--- EXERCISE DIRECTIONS ---
Nothing but the lines from the one containing "Answer yes or no. No. Is Light Gold greater" through the one containing "Answer yes or no. No. Is Saddle", both included, should be given again, each exactly as written below.
|---|
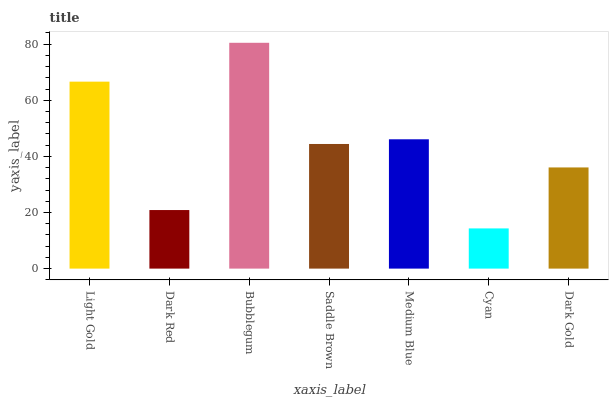Is Cyan the minimum?
Answer yes or no. Yes. Is Bubblegum the maximum?
Answer yes or no. Yes. Is Dark Red the minimum?
Answer yes or no. No. Is Dark Red the maximum?
Answer yes or no. No. Is Light Gold greater than Dark Red?
Answer yes or no. Yes. Is Dark Red less than Light Gold?
Answer yes or no. Yes. Is Dark Red greater than Light Gold?
Answer yes or no. No. Is Light Gold less than Dark Red?
Answer yes or no. No. Is Saddle Brown the high median?
Answer yes or no. Yes. Is Saddle Brown the low median?
Answer yes or no. Yes. Is Light Gold the high median?
Answer yes or no. No. Is Dark Red the low median?
Answer yes or no. No.
|---|
--- RESPONSE AREA ---
Answer yes or no. No. Is Light Gold greater than Dark Red?
Answer yes or no. Yes. Is Dark Red less than Light Gold?
Answer yes or no. Yes. Is Dark Red greater than Light Gold?
Answer yes or no. No. Is Light Gold less than Dark Red?
Answer yes or no. No. Is Saddle Brown the high median?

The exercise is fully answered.